Solved – How to implement a 2-D Gaussian Processes Regression through GPML (MATLAB)

gaussian processMATLABnormal distributionregression

I just touched Gaussian processes two weeks ago. I am not very familiar with the selection of a model and its hyperparameters. Here is the demo code that I run for a 2-D Gaussian processes regression. Its output is not what I expected.

% produce the training set for regression.
% Here, the regression target Y is the sum of input.
X1train = linspace(-4.5,4.5,10);
X2train = linspace(-4.5,4.5,10);
X = [X1train' X2train'];
Y = sum(X,2);

% produce the test set for regression
Xtest = [1 2];

% set the hyperparameters
covfunc = {@covMaterniso, 3};
ell = 1/4; sf = 1;
hyp.cov = log([ell; sf]);
likfunc = @likGauss;
sn = 0.1;
hyp.lik = log(sn);

% implement regression
[ymu ys2 fmu fs2] = gp(hyp, @infExact, [], covfunc, likfunc, X, Y, Xtest);

The result is: ymu = 0.131695275851991, but what I expected is ymu = 1 + 2 = 3

Best Answer

This seems to be a modelling problem rather than an implementation problem. Let us plot the predictions (ymu) from your model and training data with more points:

%More testdata
[Xtest1, Xtest2] = meshgrid(-4.5:0.1:4.5, -4.5:0.1:4.5);
 Xtest = [Xtest1(:) Xtest2(:)];

% implement regression 
[ymu ys2 fmu fs2] = gp(hyp, @infExact, [], covfunc, likfunc, X, Y, Xtest);

pcolor(Xtest1,Xtest2, reshape(ymu,size(Xtest1)))
shading('flat')

Model prediction with length-scale parameter 0.25

The axes of the image represent the inputs Xtest1,Xtest2, and the color is the predicted mean. We see that the model output deviates from 0 only near the training points. This is due to the short length scale hyperparameter (ell) that causes the model to learn only short range phenomena. Let us try modifying that (all other code kept unchanged)

ell = 4

Model output with lengthscale parameter 4

Now the predicted output is much closer to your ground truth. Indeed, the prediction at $(1,2)$ is now $2.9$. It seems that (with the training data kept fixed), the longer the length-scale, the closer the prediction at your testpoint gets to 3.
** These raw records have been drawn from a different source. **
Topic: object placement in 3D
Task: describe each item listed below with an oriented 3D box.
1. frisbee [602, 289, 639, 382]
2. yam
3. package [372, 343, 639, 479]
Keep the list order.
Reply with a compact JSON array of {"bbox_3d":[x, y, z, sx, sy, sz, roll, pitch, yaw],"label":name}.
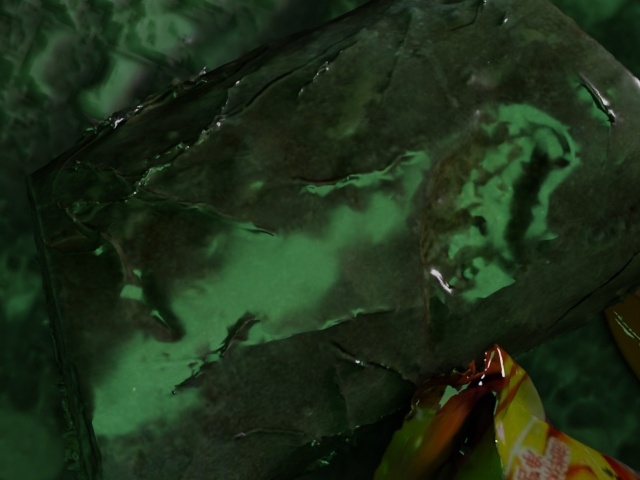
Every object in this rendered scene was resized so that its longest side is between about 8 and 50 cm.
[{"bbox_3d":[0.206,-0.001,0.703,0.192,0.035,0.192,0,90,-9],"label":"frisbee"},{"bbox_3d":[0.000,0.000,0.618,0.254,0.154,0.154,-30,95,-6],"label":"yam"},{"bbox_3d":[0.101,0.169,0.632,0.288,0.108,0.223,33,112,-13],"label":"package"}]
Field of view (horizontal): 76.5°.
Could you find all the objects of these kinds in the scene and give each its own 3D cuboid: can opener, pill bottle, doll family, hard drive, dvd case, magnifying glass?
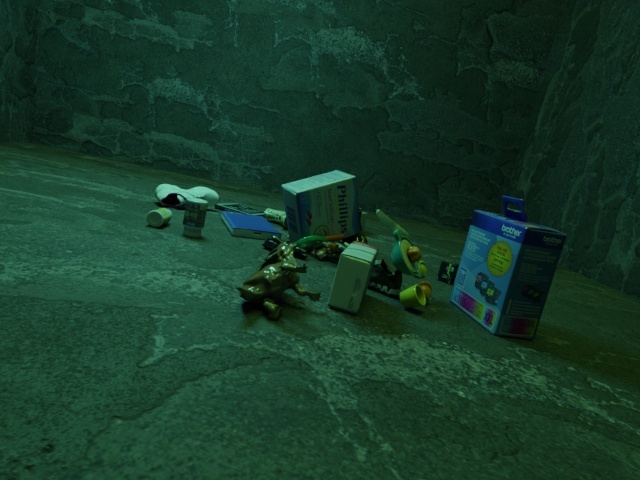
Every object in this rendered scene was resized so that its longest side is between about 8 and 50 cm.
[{"bbox_3d":[-0.133,0.029,1.575,0.186,0.073,0.059,19,-26,16],"label":"can opener"},{"bbox_3d":[-0.471,-0.085,1.519,0.078,0.137,0.078,12,11,-2],"label":"pill bottle"},{"bbox_3d":[0.095,0.033,1.598,0.262,0.119,0.163,14,9,14],"label":"doll family"},{"bbox_3d":[-0.320,-0.069,1.836,0.210,0.040,0.318,7,13,-24],"label":"hard drive"},{"bbox_3d":[-0.619,-0.092,1.573,0.065,0.065,0.116,12,11,-1],"label":"pill bottle"},{"bbox_3d":[-0.419,-0.159,2.189,0.238,0.030,0.179,17,13,23],"label":"dvd case"},{"bbox_3d":[0.000,0.000,1.638,0.230,0.026,0.092,-11,-17,-37],"label":"magnifying glass"}]

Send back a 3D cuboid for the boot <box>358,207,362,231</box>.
[{"bbox_3d":[0.105,-0.095,1.979,0.248,0.207,0.090,25,37,37],"label":"boot"}]

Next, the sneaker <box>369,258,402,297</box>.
[{"bbox_3d":[0.174,0.105,1.379,0.234,0.106,0.078,18,12,25],"label":"sneaker"}]

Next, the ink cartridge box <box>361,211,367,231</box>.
[{"bbox_3d":[0.165,-0.117,2.358,0.128,0.128,0.176,21,15,38],"label":"ink cartridge box"}]

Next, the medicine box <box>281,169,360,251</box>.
[{"bbox_3d":[0.006,-0.131,1.725,0.289,0.264,0.149,-19,27,-25],"label":"medicine box"}]

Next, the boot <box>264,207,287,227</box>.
[{"bbox_3d":[-0.217,-0.118,2.093,0.164,0.077,0.213,15,7,9],"label":"boot"}]

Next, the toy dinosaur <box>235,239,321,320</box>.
[{"bbox_3d":[-0.133,0.104,1.055,0.200,0.127,0.295,12,21,36],"label":"toy dinosaur"}]

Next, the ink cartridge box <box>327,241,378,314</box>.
[{"bbox_3d":[0.100,0.102,1.187,0.092,0.159,0.218,16,12,9],"label":"ink cartridge box"}]

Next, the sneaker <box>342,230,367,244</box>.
[{"bbox_3d":[0.091,-0.002,1.856,0.130,0.109,0.286,-9,16,-41],"label":"sneaker"}]

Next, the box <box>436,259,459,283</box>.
[{"bbox_3d":[0.529,0.131,1.686,0.062,0.084,0.052,20,14,33],"label":"box"}]

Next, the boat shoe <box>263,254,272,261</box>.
[{"bbox_3d":[-0.156,0.073,1.322,0.056,0.049,0.152,9,12,-15],"label":"boat shoe"}]

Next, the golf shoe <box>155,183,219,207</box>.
[{"bbox_3d":[-0.645,-0.198,1.989,0.305,0.115,0.140,0,26,-24],"label":"golf shoe"}]

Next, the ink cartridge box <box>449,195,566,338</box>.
[{"bbox_3d":[0.581,0.066,1.280,0.151,0.396,0.270,9,12,-15],"label":"ink cartridge box"}]

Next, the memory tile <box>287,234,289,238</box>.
[{"bbox_3d":[-0.073,-0.039,1.867,0.113,0.012,0.148,11,32,27],"label":"memory tile"}]

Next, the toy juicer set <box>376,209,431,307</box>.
[{"bbox_3d":[0.300,0.053,1.325,0.089,0.329,0.209,-24,-18,32],"label":"toy juicer set"}]
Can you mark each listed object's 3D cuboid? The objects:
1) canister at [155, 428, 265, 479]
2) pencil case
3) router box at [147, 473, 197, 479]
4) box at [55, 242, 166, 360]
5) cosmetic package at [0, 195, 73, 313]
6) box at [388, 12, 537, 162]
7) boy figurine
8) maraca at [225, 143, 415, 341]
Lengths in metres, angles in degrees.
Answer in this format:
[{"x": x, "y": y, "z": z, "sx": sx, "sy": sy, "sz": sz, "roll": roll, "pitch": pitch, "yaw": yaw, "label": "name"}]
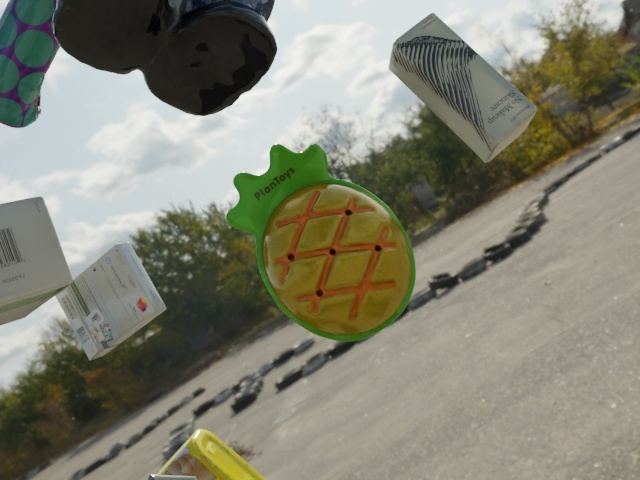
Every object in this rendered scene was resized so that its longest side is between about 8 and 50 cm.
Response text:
[{"x": -0.154, "y": 0.316, "z": 0.759, "sx": 0.170, "sy": 0.126, "sz": 0.073, "roll": -48, "pitch": 3, "yaw": 7, "label": "canister"}, {"x": -0.301, "y": -0.196, "z": 0.687, "sx": 0.070, "sy": 0.064, "sz": 0.151, "roll": 17, "pitch": -71, "yaw": -44, "label": "pencil case"}, {"x": -0.108, "y": 0.284, "z": 0.490, "sx": 0.179, "sy": 0.046, "sz": 0.133, "roll": 40, "pitch": 110, "yaw": 55, "label": "router box"}, {"x": -0.388, "y": 0.113, "z": 1.222, "sx": 0.186, "sy": 0.145, "sz": 0.038, "roll": -36, "pitch": -10, "yaw": 24, "label": "box"}, {"x": -0.569, "y": 0.061, "z": 1.103, "sx": 0.197, "sy": 0.155, "sz": 0.365, "roll": -19, "pitch": -4, "yaw": -36, "label": "cosmetic package"}, {"x": 0.259, "y": -0.286, "z": 1.243, "sx": 0.113, "sy": 0.275, "sz": 0.094, "roll": -41, "pitch": -14, "yaw": -13, "label": "box"}, {"x": -0.067, "y": -0.219, "z": 0.372, "sx": 0.177, "sy": 0.285, "sz": 0.092, "roll": 20, "pitch": -32, "yaw": -28, "label": "boy figurine"}, {"x": 0.000, "y": 0.000, "z": 0.574, "sx": 0.127, "sy": 0.185, "sz": 0.099, "roll": -39, "pitch": -9, "yaw": -5, "label": "maraca"}]
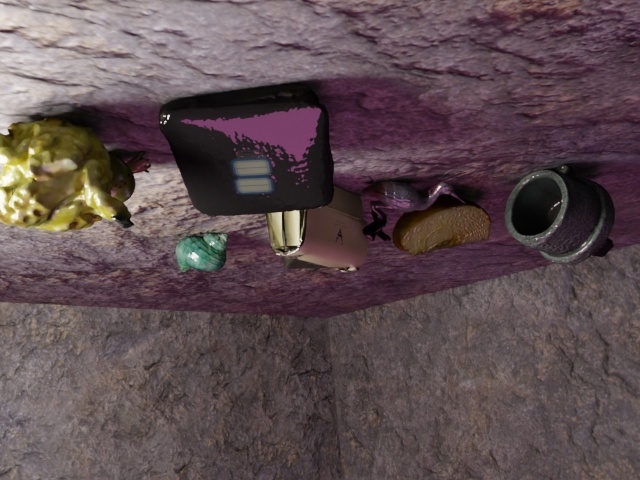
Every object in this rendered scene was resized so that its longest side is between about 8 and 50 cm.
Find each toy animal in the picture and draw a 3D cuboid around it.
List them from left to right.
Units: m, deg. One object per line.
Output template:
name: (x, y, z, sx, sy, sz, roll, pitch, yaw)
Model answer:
toy animal: (0.260, -0.124, 2.008, 0.324, 0.090, 0.195, -27, 119, 11)

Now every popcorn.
popcorn: (-0.568, -0.140, 1.410, 0.293, 0.237, 0.293, -3, 169, -1)

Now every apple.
apple: (0.404, -0.056, 2.190, 0.346, 0.179, 0.254, -9, -174, -18)

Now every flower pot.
flower pot: (0.755, -0.084, 2.074, 0.283, 0.299, 0.299, 18, 155, -29)

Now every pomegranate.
pomegranate: (-0.500, -0.164, 1.615, 0.129, 0.159, 0.129, 22, 146, 16)

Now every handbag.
handbag: (-0.002, -0.044, 1.975, 0.160, 0.237, 0.358, -12, 164, 31)

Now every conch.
conch: (-0.417, 0.038, 2.354, 0.202, 0.134, 0.196, -11, -154, -1)

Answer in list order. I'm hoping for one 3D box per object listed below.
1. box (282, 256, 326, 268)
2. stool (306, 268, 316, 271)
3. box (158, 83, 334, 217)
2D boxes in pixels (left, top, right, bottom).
box: (0.000, 0.000, 2.275, 0.290, 0.166, 0.220, -1, 165, -14)
stool: (-0.019, 0.067, 2.667, 0.096, 0.096, 0.110, 7, 155, -38)
box: (-0.150, -0.192, 1.489, 0.359, 0.091, 0.350, -6, 143, 3)
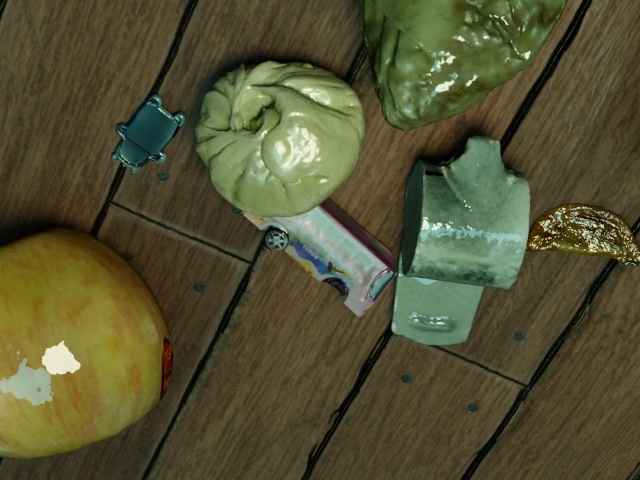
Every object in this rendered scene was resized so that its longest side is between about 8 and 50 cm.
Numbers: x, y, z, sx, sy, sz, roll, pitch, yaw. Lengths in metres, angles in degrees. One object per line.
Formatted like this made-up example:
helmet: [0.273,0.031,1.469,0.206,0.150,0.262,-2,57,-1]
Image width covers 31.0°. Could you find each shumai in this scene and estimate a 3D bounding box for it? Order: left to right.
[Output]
shumai: [0.135,-0.344,1.577,0.288,0.292,0.330,45,75,-30]

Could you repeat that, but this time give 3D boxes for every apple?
apple: [-0.438,0.164,1.842,0.391,0.391,0.346,-19,91,13]

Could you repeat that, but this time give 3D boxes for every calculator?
calculator: [-0.280,-0.168,1.862,0.094,0.019,0.141,37,115,-13]

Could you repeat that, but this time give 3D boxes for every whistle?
whistle: [0.210,0.009,1.851,0.168,0.188,0.405,7,150,-5]

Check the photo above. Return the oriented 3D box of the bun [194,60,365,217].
bun: [-0.071,-0.157,1.735,0.259,0.160,0.259,-1,86,18]

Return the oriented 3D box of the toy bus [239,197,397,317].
toy bus: [0.000,0.000,1.884,0.274,0.090,0.112,41,111,-15]

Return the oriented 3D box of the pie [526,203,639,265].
pie: [0.433,-0.014,1.876,0.191,0.033,0.088,9,101,2]
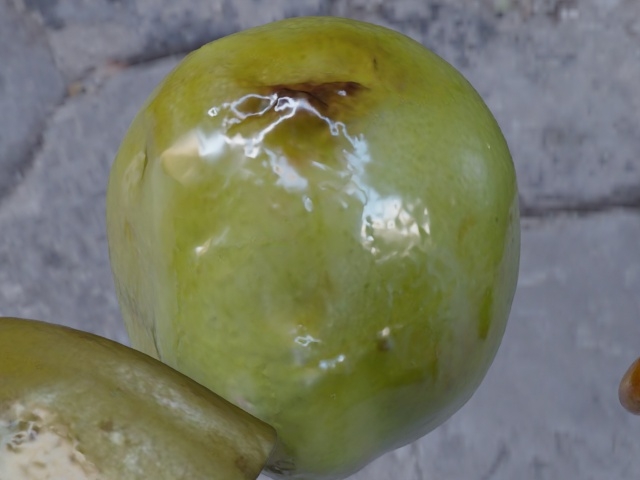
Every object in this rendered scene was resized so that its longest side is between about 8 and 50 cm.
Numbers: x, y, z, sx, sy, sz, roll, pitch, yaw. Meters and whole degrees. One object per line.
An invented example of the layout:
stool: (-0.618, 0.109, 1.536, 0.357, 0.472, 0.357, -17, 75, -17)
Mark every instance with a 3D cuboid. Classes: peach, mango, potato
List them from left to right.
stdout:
potato: (-0.144, 0.114, 0.887, 0.158, 0.178, 0.203, 40, 106, -5)
peach: (-0.001, 0.002, 1.343, 0.281, 0.315, 0.314, -17, 31, -11)
mango: (0.235, 0.096, 1.350, 0.060, 0.089, 0.046, -27, 76, -29)
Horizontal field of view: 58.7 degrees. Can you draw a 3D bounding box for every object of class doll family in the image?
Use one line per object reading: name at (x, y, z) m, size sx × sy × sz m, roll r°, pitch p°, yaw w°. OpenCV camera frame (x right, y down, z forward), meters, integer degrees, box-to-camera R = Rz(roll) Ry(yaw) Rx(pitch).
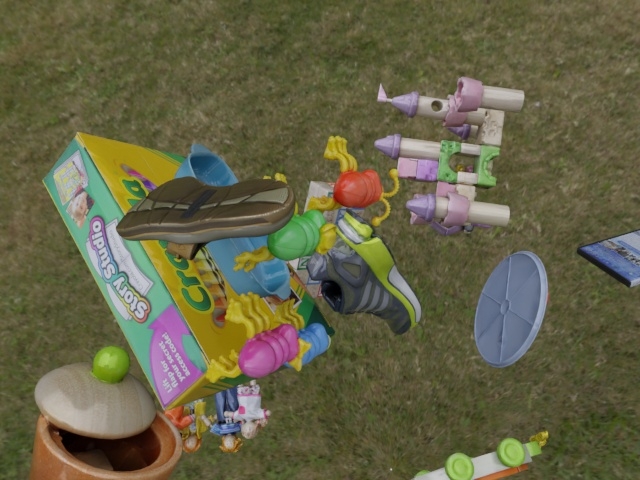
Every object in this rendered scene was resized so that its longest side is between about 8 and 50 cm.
doll family at (-0.236, 0.392, 1.274) m, size 0.262 × 0.118 × 0.163 m, roll -5°, pitch 75°, yaw -1°

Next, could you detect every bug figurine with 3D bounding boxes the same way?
bug figurine at (-0.013, 0.040, 0.571) m, size 0.072 × 0.216 × 0.279 m, roll 25°, pitch 109°, yaw 20°

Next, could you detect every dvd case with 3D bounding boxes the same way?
dvd case at (0.818, 0.035, 1.452) m, size 0.252 × 0.022 × 0.180 m, roll -15°, pitch 31°, yaw -15°

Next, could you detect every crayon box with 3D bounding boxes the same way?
crayon box at (-0.175, 0.031, 0.830) m, size 0.106 × 0.313 × 0.363 m, roll -42°, pitch 71°, yaw 19°

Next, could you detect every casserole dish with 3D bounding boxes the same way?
casserole dish at (-0.095, -0.013, 0.605) m, size 0.037 × 0.114 × 0.189 m, roll -31°, pitch 92°, yaw 14°

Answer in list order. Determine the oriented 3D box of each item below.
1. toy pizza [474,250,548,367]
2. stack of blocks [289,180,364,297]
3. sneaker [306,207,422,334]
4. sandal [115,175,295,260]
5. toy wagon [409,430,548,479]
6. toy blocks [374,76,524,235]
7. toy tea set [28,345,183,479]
toy pizza at (0.323, 0.116, 0.956) m, size 0.032 × 0.201 × 0.202 m, roll 18°, pitch 70°, yaw -11°
stack of blocks at (0.000, 0.000, 1.487) m, size 0.171 × 0.298 × 0.087 m, roll 0°, pitch 24°, yaw -35°
sneaker at (0.068, 0.073, 0.911) m, size 0.121 × 0.300 × 0.111 m, roll -37°, pitch 45°, yaw -1°
sandal at (-0.089, -0.012, 0.430) m, size 0.180 × 0.049 × 0.072 m, roll 2°, pitch 39°, yaw 36°
toy wagon at (0.355, 0.496, 1.248) m, size 0.344 × 0.267 × 0.068 m, roll -10°, pitch 63°, yaw -13°
toy blocks at (0.233, -0.163, 1.186) m, size 0.259 × 0.309 × 0.289 m, roll 7°, pitch 89°, yaw 0°
toy tea set at (-0.151, 0.097, 0.176) m, size 0.199 × 0.336 × 0.124 m, roll 22°, pitch 99°, yaw -2°
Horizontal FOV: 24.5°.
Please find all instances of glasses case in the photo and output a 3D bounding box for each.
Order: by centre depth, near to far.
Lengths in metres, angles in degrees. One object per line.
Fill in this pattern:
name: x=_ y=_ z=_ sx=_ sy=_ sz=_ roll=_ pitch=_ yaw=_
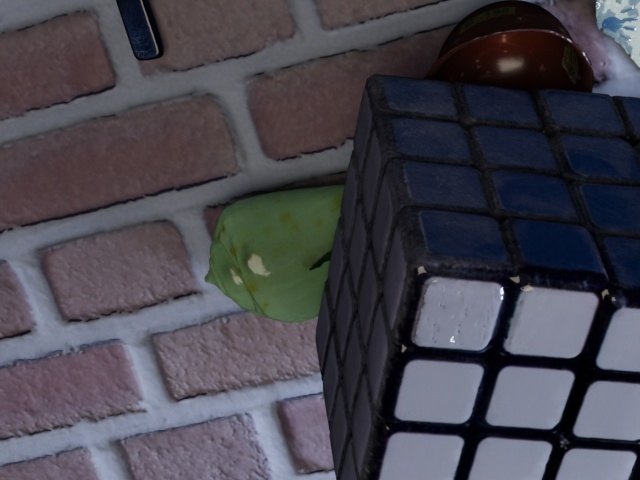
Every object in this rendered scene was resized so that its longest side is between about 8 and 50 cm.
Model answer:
glasses case: x=-0.193 y=-0.234 z=1.573 sx=0.034 sy=0.023 sz=0.083 roll=-10 pitch=109 yaw=20

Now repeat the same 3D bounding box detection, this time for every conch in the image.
conch: x=-0.003 y=0.014 z=1.605 sx=0.251 sy=0.137 sz=0.143 roll=-7 pitch=85 yaw=-7

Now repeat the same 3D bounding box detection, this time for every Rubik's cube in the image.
Rubik's cube: x=0.193 y=0.074 z=1.396 sx=0.337 sy=0.344 sz=0.343 roll=5 pitch=124 yaw=-8

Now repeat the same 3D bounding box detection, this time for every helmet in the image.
helmet: x=0.179 y=-0.177 z=1.482 sx=0.175 sy=0.106 sz=0.155 roll=-27 pitch=130 yaw=19

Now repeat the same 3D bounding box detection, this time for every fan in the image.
fan: x=0.335 y=-0.236 z=1.449 sx=0.131 sy=0.009 sz=0.240 roll=-22 pitch=126 yaw=13
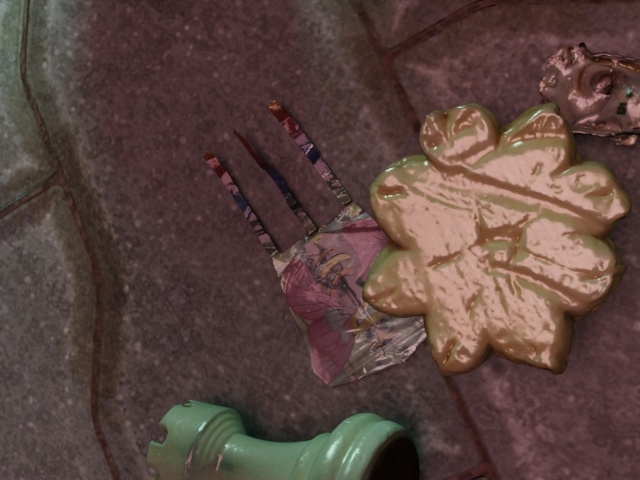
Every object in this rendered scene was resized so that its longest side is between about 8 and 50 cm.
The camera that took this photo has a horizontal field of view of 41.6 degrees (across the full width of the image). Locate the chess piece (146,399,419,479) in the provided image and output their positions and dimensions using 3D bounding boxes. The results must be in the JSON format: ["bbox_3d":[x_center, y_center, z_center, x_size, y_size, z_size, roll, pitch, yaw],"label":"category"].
[{"bbox_3d":[-0.053,0.274,0.984,0.299,0.194,0.195,8,92,30],"label":"chess piece"}]

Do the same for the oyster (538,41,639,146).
[{"bbox_3d":[0.314,-0.147,0.902,0.165,0.053,0.108,16,77,28],"label":"oyster"}]

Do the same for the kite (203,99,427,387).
[{"bbox_3d":[0.001,0.000,1.042,0.204,0.022,0.360,-35,81,18],"label":"kite"}]

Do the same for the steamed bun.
[{"bbox_3d":[0.185,0.005,0.911,0.292,0.137,0.295,-35,83,17],"label":"steamed bun"}]
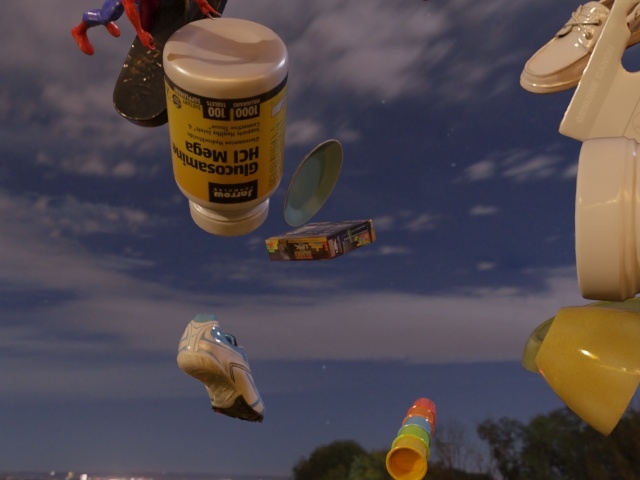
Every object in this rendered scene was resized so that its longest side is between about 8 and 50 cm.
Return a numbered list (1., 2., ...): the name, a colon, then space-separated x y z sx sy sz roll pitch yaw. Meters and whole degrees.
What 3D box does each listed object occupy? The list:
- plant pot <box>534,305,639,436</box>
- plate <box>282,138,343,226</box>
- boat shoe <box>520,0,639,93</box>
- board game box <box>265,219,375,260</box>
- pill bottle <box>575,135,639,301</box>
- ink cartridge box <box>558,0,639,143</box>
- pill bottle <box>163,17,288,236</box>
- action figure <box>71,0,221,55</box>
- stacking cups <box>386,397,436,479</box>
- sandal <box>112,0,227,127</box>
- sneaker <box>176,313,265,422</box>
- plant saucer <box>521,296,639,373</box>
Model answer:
1. plant pot: 0.283 0.121 0.717 0.095 0.134 0.134 27 -11 22
2. plate: -0.020 -0.114 1.323 0.024 0.188 0.188 31 -10 22
3. boat shoe: 0.425 -0.331 1.077 0.277 0.098 0.096 -35 -43 -12
4. board game box: 0.000 0.000 1.354 0.170 0.048 0.141 -2 15 45
5. pill bottle: 0.339 -0.016 0.497 0.278 0.162 0.162 1 -18 26
6. ink cartridge box: 0.513 -0.193 0.785 0.384 0.308 0.091 23 9 9
7. pill bottle: -0.151 -0.171 1.121 0.187 0.188 0.334 2 -44 -4
8. action figure: -0.254 -0.320 0.986 0.139 0.091 0.280 49 -30 -16
9. stacking cups: 0.237 0.470 1.686 0.095 0.096 0.316 -6 11 18
10. sandal: -0.274 -0.429 1.270 0.167 0.446 0.107 8 -15 17
11. sneaker: -0.127 0.188 0.962 0.085 0.086 0.237 4 -37 20
12. plant saucer: 0.410 0.132 1.014 0.240 0.037 0.241 -20 2 1
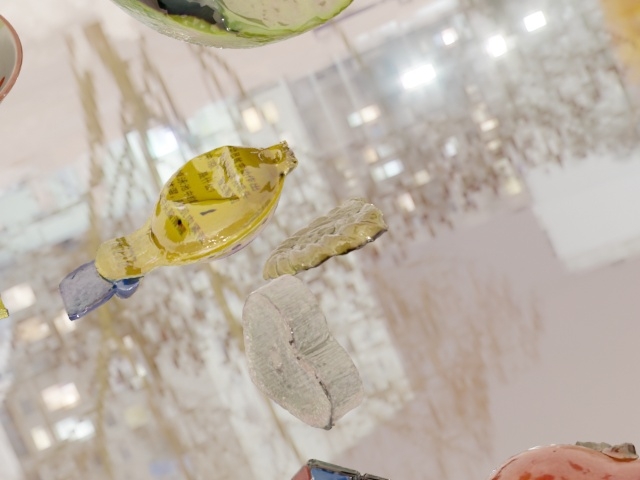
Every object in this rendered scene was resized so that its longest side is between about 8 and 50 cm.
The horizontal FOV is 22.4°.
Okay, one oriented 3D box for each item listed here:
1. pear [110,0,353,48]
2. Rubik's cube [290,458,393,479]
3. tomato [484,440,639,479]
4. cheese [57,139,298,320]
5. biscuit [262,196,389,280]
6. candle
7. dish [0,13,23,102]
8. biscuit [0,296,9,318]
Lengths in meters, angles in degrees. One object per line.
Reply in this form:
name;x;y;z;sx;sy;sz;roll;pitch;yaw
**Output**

Another observation is that all your training data are located at the $x_1=x_2$ line, so it is rather optimistic to hope that any model would learn what happens outside that line without making strong assumptions. Besides changing the hyperparameters, you could also play with adding training data at various other points, e.g., in a 2-dimensional grid.